Filed under My Crazy Family

12 responses to “Scoot over…

  1. Kimberly,

    I enjoy reading your blog; I believe you have a gift for writing. When I taught writing in school kids would often say, “I don’t know what to write about or what to say,” and I’d say, “Tell me about your vacation to Florida or your last ballgame, or this or that. They would start telling…and telling…and then I’d stop them. I’d tell them to write it on paper exactly like they were telling me. Nothing fancy, no big words, just tell your story.

    Kimberly, your writing is very easy to read and understand, and very relatable. Thanks for inviting me to read it.

  2. Renee

    ok im doing this from my cell so I left the last comment under the wrong blog! its been a long day…..this was great and i enjoyed reading it.This is the blog to talk about all of your fun parties and how great of a host you are. Your parents did a great job with you. As for the other comment on the other blog..please read a fun book or get an US weekly or something! 🙂

    • kimberlywenger

      Ha! How about watching American Idol? Does that count? I know it’s not “Rock of Love”, but it’s reality TV. 🙂 I’ve been reading a lot of entertainment news on the internet recently…

  3. Kim,

    It’s funny reading your stories about having guests to the house and they stay in your room. That’s exactly what happened to me growing up. Must be a PK thing. I just hope my own kids will have the same type of memories of their childhood.

    Conrad W.

    • kimberlywenger

      Do you think it might be a Mennonite PK thing??? I wonder if other PK’s had the same thing. It was one of my favorite things about my childhood.

  4. Tanya Sykes


    This brings lots of wonderful memories to mind for me. My mom has always had the gift of hospitality. I don’t know if she was born with it or if my dad foisted it on her! He was forever calling home about fifteen minutes before dinner to casually mention he was bringing home whatever singing group he’d been working with in the studio that day. Mom always managed to stretch whatever she had prepared, or whip something extra up.
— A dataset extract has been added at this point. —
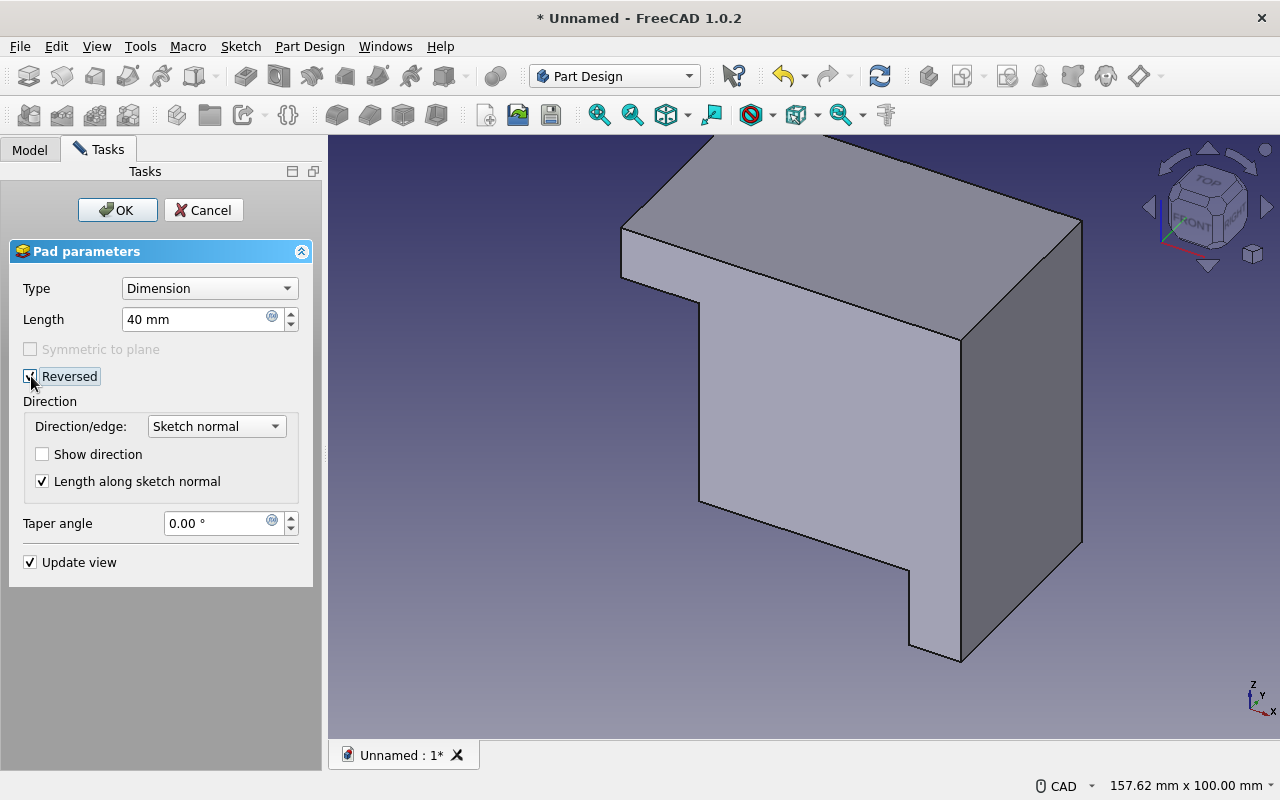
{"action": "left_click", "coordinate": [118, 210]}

We hosted numerous singers and evangelists over the years. She was always so gracious and as a result, my sister and I got to hear lots of stories, songs and laughter that we might have missed out on.

    I enjoy reading your blogs, keep up the good work!

    • kimberlywenger

      Thanks, Tanya! I’m so glad to hear someone else knows what that was like. I miss those days and am trying to figure out how to make my life more like that now.

  5. Leslie

    Wow! Good reminder of something I should do more often… invite friends over. Have a party! I’m afraid my kids won’t have any memories of dinner parties and stuff if I don’t get on the ball. Anyhoo, as far as sleeping in the bed… my kids wanted to sleep with us and Pat would say, “Why not? It’s not like it will last forever.” Sigh, I’m so glad I let them in because they wouldn’t dare be caught with us now! LOL!

  6. tammy

    Renee – it took me a minute to realize that you are not incarcerated. i work in a jail, so i envisioned you in prison, in your cell … 😀

  7. Renee

    HA! That’s very funny. Okay, maybe next time I should be a bit more specific in saying my cell phone. I can assure you I am happy at home with my husband and 4 kids, no jail cells for me. 😀

  8. Penny

    It’s not only a PK thing, I had it happening to me all the time too. Great story!